In the listing below, find each line with the string "that" and return it.
- - - - - - -
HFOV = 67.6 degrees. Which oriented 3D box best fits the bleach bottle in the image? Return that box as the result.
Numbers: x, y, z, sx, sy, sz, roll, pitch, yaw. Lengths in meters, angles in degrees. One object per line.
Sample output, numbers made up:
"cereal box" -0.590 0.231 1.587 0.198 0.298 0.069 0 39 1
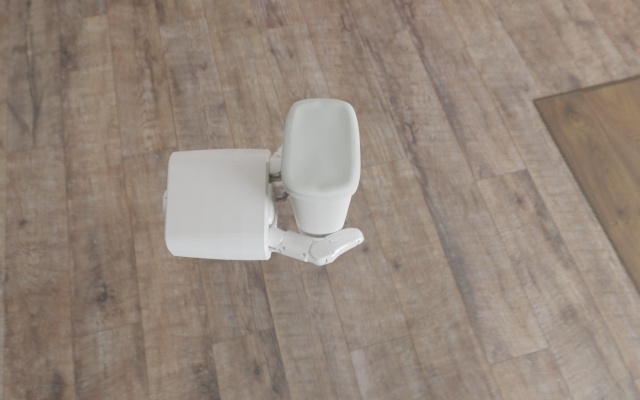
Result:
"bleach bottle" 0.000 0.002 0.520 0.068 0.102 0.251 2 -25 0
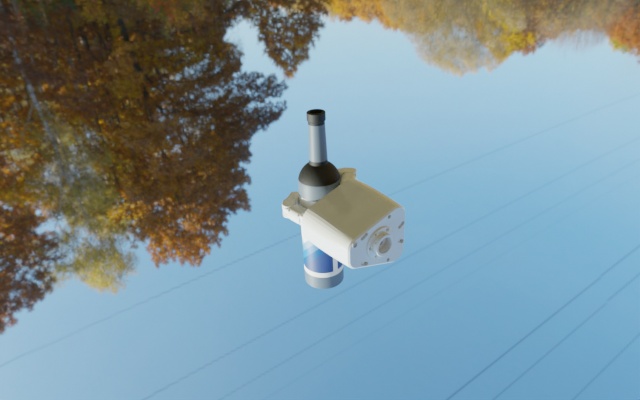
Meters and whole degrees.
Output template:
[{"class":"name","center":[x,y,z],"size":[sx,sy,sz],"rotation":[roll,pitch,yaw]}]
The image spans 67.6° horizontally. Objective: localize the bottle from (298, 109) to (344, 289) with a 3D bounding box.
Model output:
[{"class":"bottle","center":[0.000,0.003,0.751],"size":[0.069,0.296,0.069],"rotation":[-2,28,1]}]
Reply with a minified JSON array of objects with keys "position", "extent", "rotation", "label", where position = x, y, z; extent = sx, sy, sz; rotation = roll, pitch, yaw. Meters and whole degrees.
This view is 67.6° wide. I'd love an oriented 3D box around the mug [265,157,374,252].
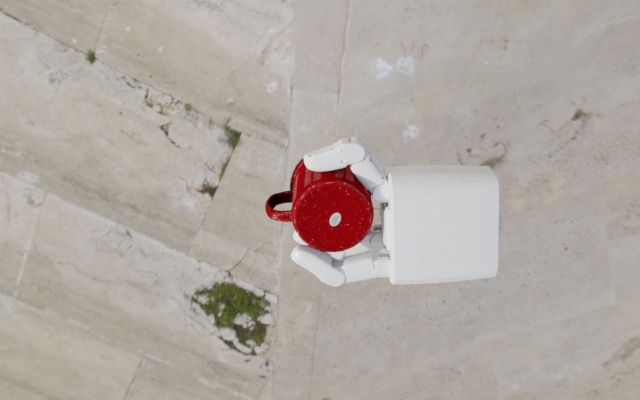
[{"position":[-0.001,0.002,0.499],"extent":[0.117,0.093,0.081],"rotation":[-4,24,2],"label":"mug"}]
- - - - - - -
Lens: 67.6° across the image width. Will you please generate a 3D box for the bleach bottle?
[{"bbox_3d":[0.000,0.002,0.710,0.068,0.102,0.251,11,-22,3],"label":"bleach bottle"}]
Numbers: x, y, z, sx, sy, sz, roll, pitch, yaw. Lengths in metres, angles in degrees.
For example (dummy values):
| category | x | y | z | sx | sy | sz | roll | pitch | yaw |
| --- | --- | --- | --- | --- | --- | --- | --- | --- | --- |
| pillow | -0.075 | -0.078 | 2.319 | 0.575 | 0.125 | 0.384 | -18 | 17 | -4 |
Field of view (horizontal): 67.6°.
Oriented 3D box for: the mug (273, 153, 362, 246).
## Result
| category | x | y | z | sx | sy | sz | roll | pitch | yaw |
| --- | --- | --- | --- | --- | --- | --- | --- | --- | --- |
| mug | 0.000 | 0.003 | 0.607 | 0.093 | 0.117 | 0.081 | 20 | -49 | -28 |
- - - - - - -
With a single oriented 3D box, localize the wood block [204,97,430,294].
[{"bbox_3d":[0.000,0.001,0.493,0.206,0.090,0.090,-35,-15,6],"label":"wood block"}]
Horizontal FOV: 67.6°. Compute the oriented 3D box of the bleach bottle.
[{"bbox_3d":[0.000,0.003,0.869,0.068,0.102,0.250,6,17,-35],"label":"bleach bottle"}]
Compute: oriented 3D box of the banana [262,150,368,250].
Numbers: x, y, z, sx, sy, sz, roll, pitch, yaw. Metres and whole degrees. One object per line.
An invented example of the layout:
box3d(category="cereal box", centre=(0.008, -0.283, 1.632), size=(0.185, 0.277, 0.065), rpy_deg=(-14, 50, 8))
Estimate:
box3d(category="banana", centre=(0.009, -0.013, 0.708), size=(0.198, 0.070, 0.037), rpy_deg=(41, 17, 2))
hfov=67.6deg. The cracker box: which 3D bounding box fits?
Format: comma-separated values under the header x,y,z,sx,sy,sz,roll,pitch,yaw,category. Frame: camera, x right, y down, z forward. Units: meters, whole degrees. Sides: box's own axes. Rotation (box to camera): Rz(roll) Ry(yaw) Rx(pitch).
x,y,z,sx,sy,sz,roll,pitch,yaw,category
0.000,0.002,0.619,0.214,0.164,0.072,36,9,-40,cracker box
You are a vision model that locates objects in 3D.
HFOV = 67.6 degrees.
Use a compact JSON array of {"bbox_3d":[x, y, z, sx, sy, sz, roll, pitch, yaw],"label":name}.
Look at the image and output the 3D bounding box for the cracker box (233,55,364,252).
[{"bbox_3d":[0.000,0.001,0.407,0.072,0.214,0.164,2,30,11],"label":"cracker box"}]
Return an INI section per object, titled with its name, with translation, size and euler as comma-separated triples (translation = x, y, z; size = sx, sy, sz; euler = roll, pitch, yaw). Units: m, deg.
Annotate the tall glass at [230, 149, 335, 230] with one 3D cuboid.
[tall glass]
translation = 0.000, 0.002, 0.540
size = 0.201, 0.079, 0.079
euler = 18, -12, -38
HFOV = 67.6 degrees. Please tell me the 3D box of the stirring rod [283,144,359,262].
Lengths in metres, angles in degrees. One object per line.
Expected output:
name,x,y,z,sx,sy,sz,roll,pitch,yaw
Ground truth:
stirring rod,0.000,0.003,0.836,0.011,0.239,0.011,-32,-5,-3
- - - - - - -
◆ Output of the exercise
HFOV = 67.6 degrees. Which oriented 3D box best fits the bleach bottle in the image? Return that box as the result.
You are a vision model that locates objects in 3D.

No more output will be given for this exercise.